Here’s some quotes issued today (October 9, 2008) by Merrill Lynch’s top economist, David Rosenberg (see full article here) :

"Desperate times require desperate actions and it is possible Ben Bernanke, despite his expertise in how to tap the entire toolbox of the central bank, hasn’t experimented enough… Perhaps the Fed should do something even more dramatic… To be sure, monetary policy isn’t the only answer.  A large-scale fiscal stimulus, a giant spending package on infrastructure, for example, would be useful to reverse the downtrend in employment and personal income…Our question is if the UK can manage to embark on this quasi-nationalization quest of its banking system, why can’t we?"

Here’s an economist in the largest U.S. brokerage, a very conservative organization, asking why we can’t nationalize banks, or pass a massive public works program.  And he wonders why not? 

The USA has been dominated by the conservative economic agenda since the landslide victory of Ronald Reagan.  At a time of stagflation (no growth yet high inflation and record high interest rates) President Reagan set forth an agenga which changed the economic direction.  Since then, the USA has been moving further and further along that agenda.  Spending on defense skyrocketed, entitlement programs were cut, industry regulations laxed (including the movement to self-regulate within industries), and taxes reduced.  For many people and politicians the objective became less about the results, and instead doing more.  Planks of that agenda have been extended for 25 years as the focus has become not on the results – but rather on operating within the parameters of that agenda.  Simply put, people believed if we did more, faster of the same things then the original would return.

But this isn’t 1980.  And circumstances are far different.  Nothing today looks like it did then.  Yet, most people are blinded by Lock-in to doing what previously worked, rather than experimenting and trying new things.  As serious as the market shift has been, and as great as the Challenges have become, people still have not Disrupted their awareness of the environmental shift.  They are trying to use the tools of the last war to fight this new war.  Lock-in is keeping them from considering other options.

It’s easy to be reminded of the economist John Keynes, a great influencer of the The New Deal policies of the 1930s.  As he proposed the greatest use of debt ever by a government, he was seriously challenged.  Leaders asked of him "won’t this debt inevitably lead, in the long-run, to runaway inflation and higher taxation that will cripple the economy?"  As he pondered the 20% national unemployment and accelerating bankruptcies he replied "in the long-run, we’re all dead."  What Dr. Keynes summed up was that beliefs, theories and assumptions weren’t terribly important.  What mattered were results.  The traditional economic approaches had led to the 1920s runaway market and resultant collapse – and what he felt the country needed was to put people back to work immediately.  He was ready to create some White Space to try something new in search of better results.

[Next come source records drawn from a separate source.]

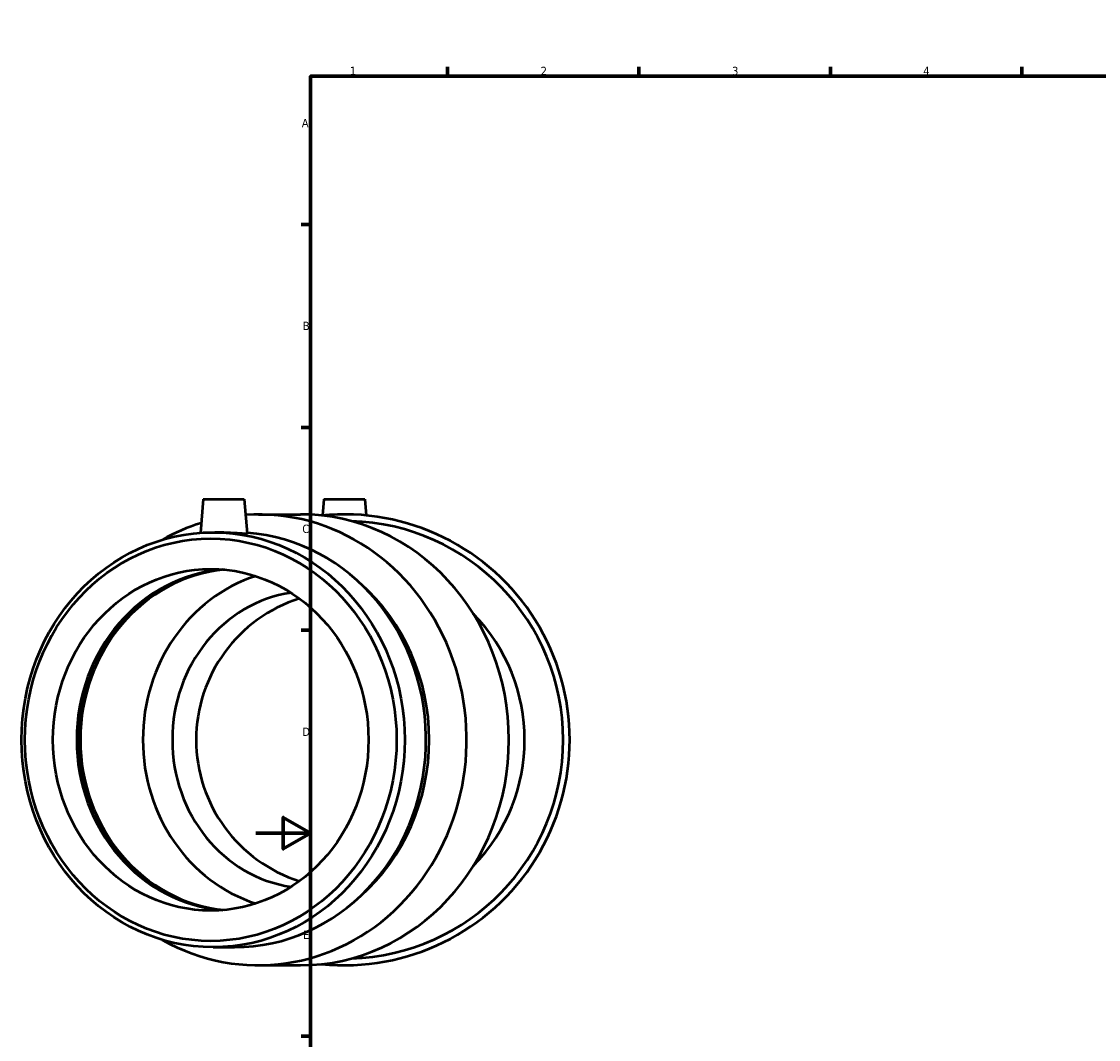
# Model space of a CAD drawing. Header units: millimetres. Extents: x -86 to 1307, y -581 to 1024.
# Tile 4 of 7: x -86 to 308, y 222 to 594. Entities that reach past the tile are written whole.
import ezdxf

# ---------------------------------------------------------------- set-up
doc = ezdxf.new("R2010")
doc.units = ezdxf.units.MM
doc.layers.add('Border (ANSI)', color=7, linetype='Continuous', lineweight=70)
doc.layers.add('Visible (ANSI)', color=7, linetype='Continuous', lineweight=50)
doc.styles.add('Note Text (ANSI)', font='tahoma.ttf')

# ---------------------------------------------------------------- blocks, each defined once
blk = doc.blocks.new('Borders Default Border')
at = {"layer": 'Border (ANSI)'}
for p, q in [((70.08, 574), (70.08, 577.45)), ((140.17, 574), (140.17, 577.45)), ((210.25, 574), (210.25, 577.45)), ((280.33, 574), (280.33, 577.45)), ((350.42, 574), (350.42, 577.45)), ((490.58, 574), (490.58, 577.45)), ((560.67, 574), (560.67, 577.45)), ((630.75, 574), (630.75, 577.45)), ((700.83, 574), (700.83, 577.45)), ((770.92, 574), (770.92, 577.45)), ((20, 519.75), (16.55, 519.75)), ((821, 519.75), (824.45, 519.75)), ((20, 445.5), (16.55, 445.5)), ((821, 445.5), (824.45, 445.5)), ((20, 371.25), (16.55, 371.25)), ((821, 371.25), (824.45, 371.25)), ((20, 222.75), (16.55, 222.75)), ((821, 222.75), (824.45, 222.75)), ((20, 148.5), (16.55, 148.5)), ((821, 148.5), (824.45, 148.5)), ((20, 74.25), (16.55, 74.25)), ((821, 74.25), (824.45, 74.25)), ((70.08, 20), (70.08, 16.55)), ((140.17, 20), (140.17, 16.55)), ((210.25, 20), (210.25, 16.55)), ((280.33, 20), (280.33, 16.55)), ((350.42, 20), (350.42, 16.55)), ((490.58, 20), (490.58, 16.55)), ((560.67, 20), (560.67, 16.55)), ((630.75, 20), (630.75, 16.55)), ((700.83, 20), (700.83, 16.55)), ((770.92, 20), (770.92, 16.55))]:
    blk.add_line(p, q, dxfattribs=at)
at = {"layer": 'Border (ANSI)', "flags": 128}
for points in [[(420.5, 594), (420.5, 574), (414.73, 584), (426.27, 584), (420.5, 574)], [(20, 20), (20, 574), (821, 574), (821, 20), (20, 20)], [(0, 297), (20, 297), (10, 302.77), (10, 291.23), (20, 297)], [(841, 297), (821, 297), (831, 302.77), (831, 291.23), (821, 297)], [(420.5, 0), (420.5, 20), (414.73, 10), (426.27, 10), (420.5, 20)]]:
    blk.add_lwpolyline(points, dxfattribs=at)
at = {"layer": 'Border (ANSI)', "attachment_point": 7, "style": 'Note Text (ANSI)'}
for s, insert, char_height in [('1', (34.35, 574.4), 3.05), ('2', (104.2, 574.4), 3.05), ('3', (174.26, 574.34), 3.05), ('4', (244.23, 574.4), 3.05), ('5', (314.48, 574.34), 3.05), ('6', (384.49, 574.34), 3.05), ('7', (454.6, 574.4), 3.05), ('8', (524.63, 574.33), 3.05), ('9', (594.7, 574.34), 3.05), ('10', (663.96, 574.34), 3.048), ('11', (734.04, 574.4), 3.048), ('12', (804.13, 574.4), 3.048), ('A', (16.78, 555.35), 3.05), ('A', (821.63, 555.35), 3.05), ('B', (17.15, 481.1), 3.05), ('B', (821.99, 481.1), 3.05), ('C', (16.95, 406.8), 3.05), ('C', (821.8, 406.8), 3.05), ('D', (16.96, 332.6), 3.05), ('D', (821.81, 332.6), 3.05), ('E', (17.21, 258.35), 3.05), ('E', (822.05, 258.35), 3.05), ('F', (17.29, 184.1), 3.05), ('F', (822.14, 184.1), 3.05), ('G', (16.81, 109.79), 3.05), ('G', (821.66, 109.79), 3.05), ('H', (16.97, 35.6), 3.05), ('H', (821.81, 35.6), 3.05), ('1', (34.35, 16.55), 3.05), ('2', (104.2, 16.55), 3.05), ('3', (174.26, 16.49), 3.05), ('4', (244.23, 16.55), 3.05), ('5', (314.48, 16.49), 3.05), ('6', (384.49, 16.49), 3.05), ('7', (454.6, 16.55), 3.05), ('8', (524.63, 16.48), 3.05), ('9', (594.7, 16.49), 3.05), ('10', (663.96, 16.49), 3.048), ('11', (734.04, 16.55), 3.048), ('12', (804.13, 16.55), 3.048)]:
    blk.add_mtext(s, dxfattribs=dict(at, insert=insert, char_height=char_height))

msp = doc.modelspace()

# ---------------------------------------------------------------- linework, layer by layer
at = {"layer": 'Visible (ANSI)'}
for p, q in [((-19.29, 419.177), (-20.364, 406.909)), ((-19.29, 419.177), (-4.29, 419.177)), ((-4.29, 419.177), (-3.195, 406.661)), ((24.835, 419.177), (24.32, 413.287)), ((24.835, 419.177), (39.835, 419.177)), ((39.835, 419.177), (40.351, 413.287)), ((0.879, 413.677), (16.348, 413.677)), ((-15.691, 407.077), (-15.065, 407.077)), ((-15.691, 255.277), (-7.89, 255.277)), ((0.879, 248.677), (16.348, 248.677))]:
    msp.add_line(p, q, dxfattribs=at)
for radius, start, end in [(82.5, 264.21911, 95.78089), (80.084, 271.76471, 88.23529), (54.25, 107.6485, 252.3515), (66, 315.66655, 44.33345)]:
    msp.add_arc((32.335, 331.177), radius, start, end, dxfattribs=at)
for centre, major_axis, start_param, end_param in [((0.879, 331.177), (0, 82.5), 2.6613752, 6.3445509), ((0.879, 331.177), (0, 82.5), 0.2781422, 0.4802175), ((16.348, 331.177), (0, 82.5), 3.1415927, 6.2831853), ((-7.89, 331.177), (0, 75.9), 3.1415927, 6.2164999), ((-7.89, 331.177), (0, -62.5), 3.216762, 6.208016), ((-6.54, 331.177), (0, -62.5), 3.2284844, 6.1962936), ((16.348, 331.177), (0, -62.5), 3.4305771, 5.9942009), ((-4.632, 331.177), (0, -73.623), 0.6839447, 2.457648), ((-6.54, 331.177), (0, 63.249), 0.548798, 2.5927947), ((19.506, 331.177), (0, -54.25), 3.2744029, 6.1503751)]:
    msp.add_ellipse(centre, major_axis=major_axis, ratio=0.9238795, start_param=start_param, end_param=end_param, dxfattribs=at)
for centre, major_axis in [((-15.691, 331.177), (0, -75.9)), ((-16.562, 331.177), (0, -73.623)), ((-16.562, 331.177), (0, -62.5))]:
    msp.add_ellipse(centre, major_axis=major_axis, ratio=0.9238795, dxfattribs=at)
msp.add_open_spline([(-3.195, 406.661), (-3.195, 406.661), (-3.195, 406.661), (-3.192, 406.614), (-3.431, 406.588), (-4.256, 406.588), (-4.897, 406.614), (-6.52, 406.707), (-7.502, 406.773), (-9.495, 406.895), (-10.638, 406.96), (-12.926, 407.052), (-14.07, 407.077), (-15.065, 407.077)], degree=3, knots=[2.2637965, 2.2637965, 2.2637965, 2.2637965, 2.2642914, 2.2642914, 2.5879747, 2.5879747, 2.911658, 2.911658, 3.2353413, 3.2353413, 3.5586516, 3.5586516, 3.881962, 3.881962, 3.881962, 3.881962], dxfattribs=at)

# ---------------------------------------------------------------- block references
msp.add_blockref('Borders Default Border', (0, 0))

doc.saveas('drawing.dxf')

Similarly, in the 1970s Dr. Laffer proposed a different approach to economic thinking.  Creating something he called the "Laffer Curve" he said that if you cut taxes enough it would spur new investment and ecomomic recovery.  Although this had no experiential basis, he felt it was worth a try.  And President Reagan, facing the country’s problems proposed an idea that seemed heresy to most – cutting taxes by 50% or more!  He was ready to try White Space in the face of an economic Challenge rather than continue the practices which had not improved the economy during the prior 2 administations (Ford and Carter.)

It is very easy to Lock-in on something that works.  Once you see it work, you become confident it will work in the future.  You start thinking if you do enough of it, it has to work.  But markets shift.  The marginal value of doing more simply declines.  Like eating pie, the first piece is unbelievably good.  The second good, but by the fourth you’re not particularly interested any more.  While I can be enticed to do a job I don’t like for a piece of pie, after a few pieces I don’t see the value in more pie so I don’t have the same positive reaction.  And that is true of Success Formulas.  Competitors see the early results.  They mimic the behavior, and they work to surpass it.  Pretty soon, they offer not only pie, but cake and cookies and lots of competitive ideas.  The pie simply doesn’t produce the benefit it once did.  And we have to realize that it’s time to experiment and try something new.  To do things that may even seem heretical at the time – but which open the doors to potentially new results that get us back on the competitive track.